A similar conclusion is drawn from the research done for Bonegilla: where waters meet, though the foreword by the Dutch-Australian poet Cornelis Vleeskens is a dreamy piece of writing, placing the European migrant experience within the timeless context of land and Aboriginal knowledge systems. It is truly fascinating reading, more like a film than a book, the moving historical photographs and the copious use of quotations from field interviews, media and public records providing a way in for others to look at their own migration experience with greater insight and clarity. I was particularly moved by the way Dirk Eysbertse ends the book with a comment about himself as a Dutch-Australian migrant: “I recently played an audio tape from 1958 that I had sent to my parents.
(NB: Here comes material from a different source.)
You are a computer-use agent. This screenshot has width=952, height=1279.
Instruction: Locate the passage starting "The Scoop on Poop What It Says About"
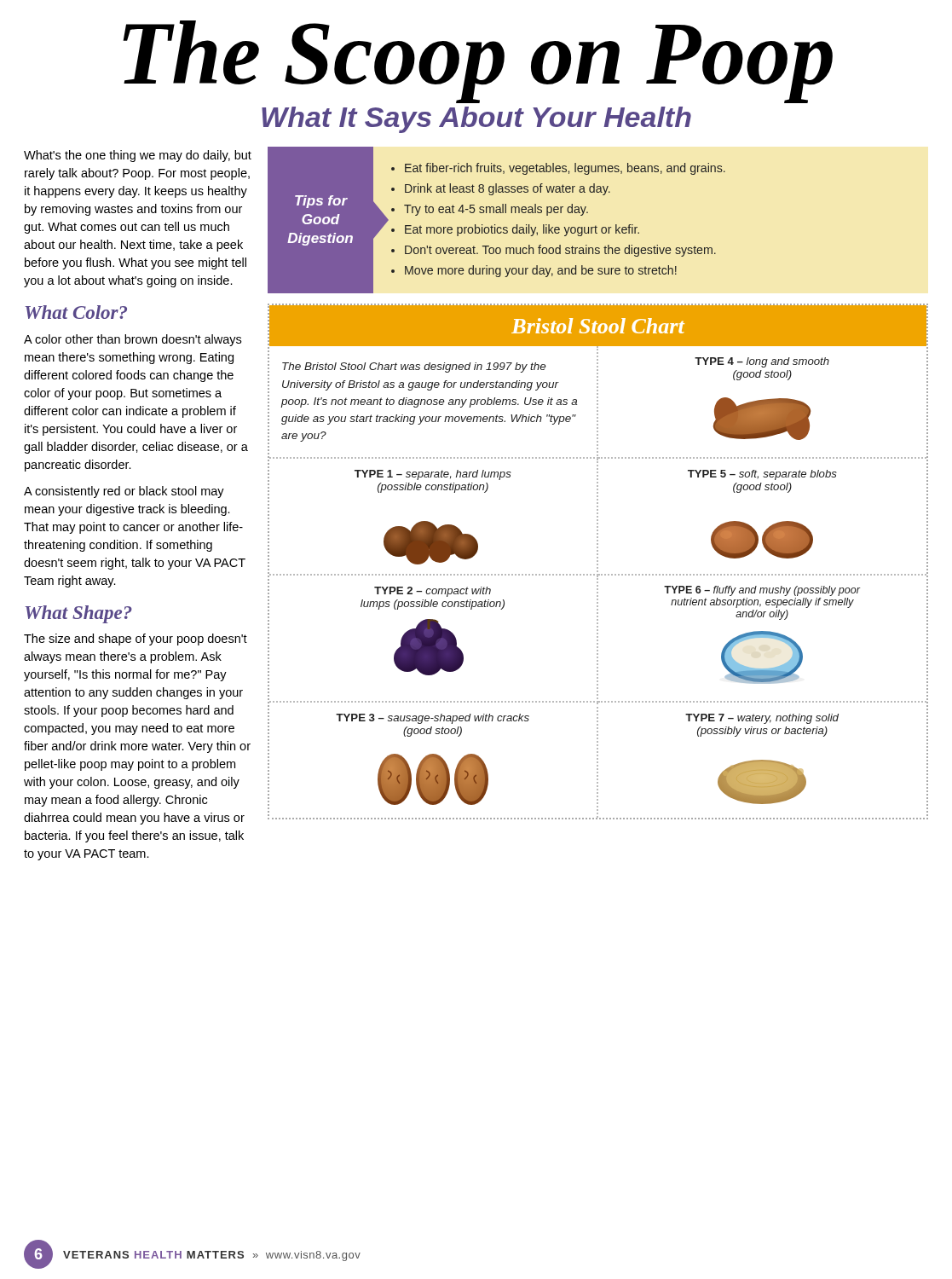[476, 67]
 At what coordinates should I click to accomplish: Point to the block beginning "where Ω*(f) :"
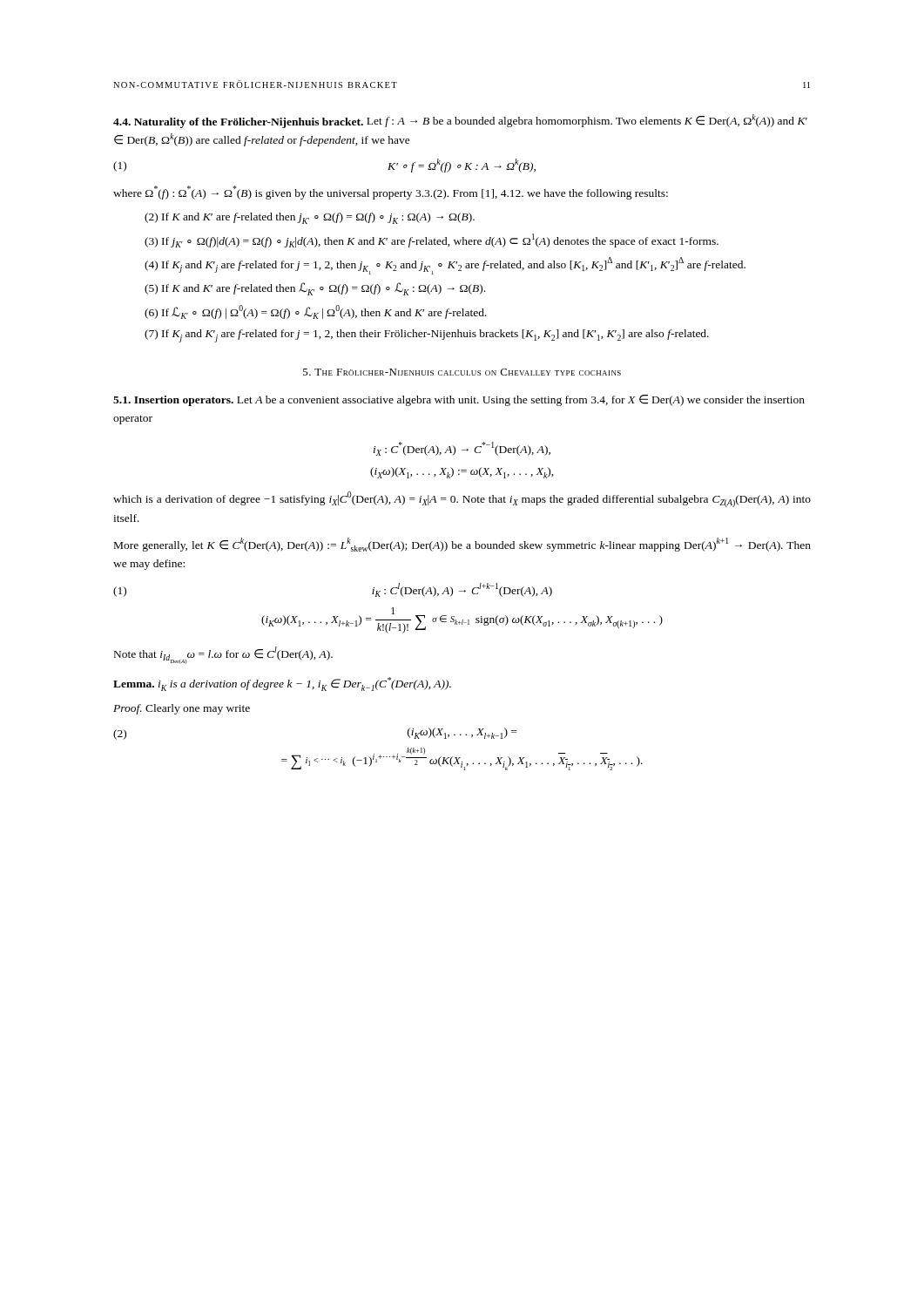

I could not believe that I told that fantastic story of success when in fact I was living in a self-built garage while constructing a timber home with very little money…”.

 

I can also remember those kinds of fantastic tales, told and retold by my own migrant parents, to the relatives they’d left behind and whom they were missing so terribly. Was it that they were just too proud to go back home, as my mother would put it, “with limp paws” (met hangende pootjes)? Or were they just tired or, simply, too sad to start all over again? Dirk Eysbertse explains his own confused Dutch migrant experience this way: “I was a citizen of the world until I realized, there is no place like home.” I think he might be right about that: for many years I was struggling myself with my lack of “international” Dutch migrant status. As a Dutch migrant child from the early sixties, I find a great deal of comfort in Dirk and Marijke Eysbertse’s insightful book. But of course, just like Gerard Willems, I’ve come to appreciate my fellow-Australians: they’re such an optimistic, resilient and resourceful lot! I suppose, just like us Dutch migrants, they just had to be.

 

 

As a migrant writer Jeltje Fanoy writes in both Dutch and English and, since the mid seventies, has been working on themes of work, alienation and displacement. jeltje performs her work solo and in collaboration with other artists, especially musical improvisation. She currently convenes poetry performances at La Mama Poetica.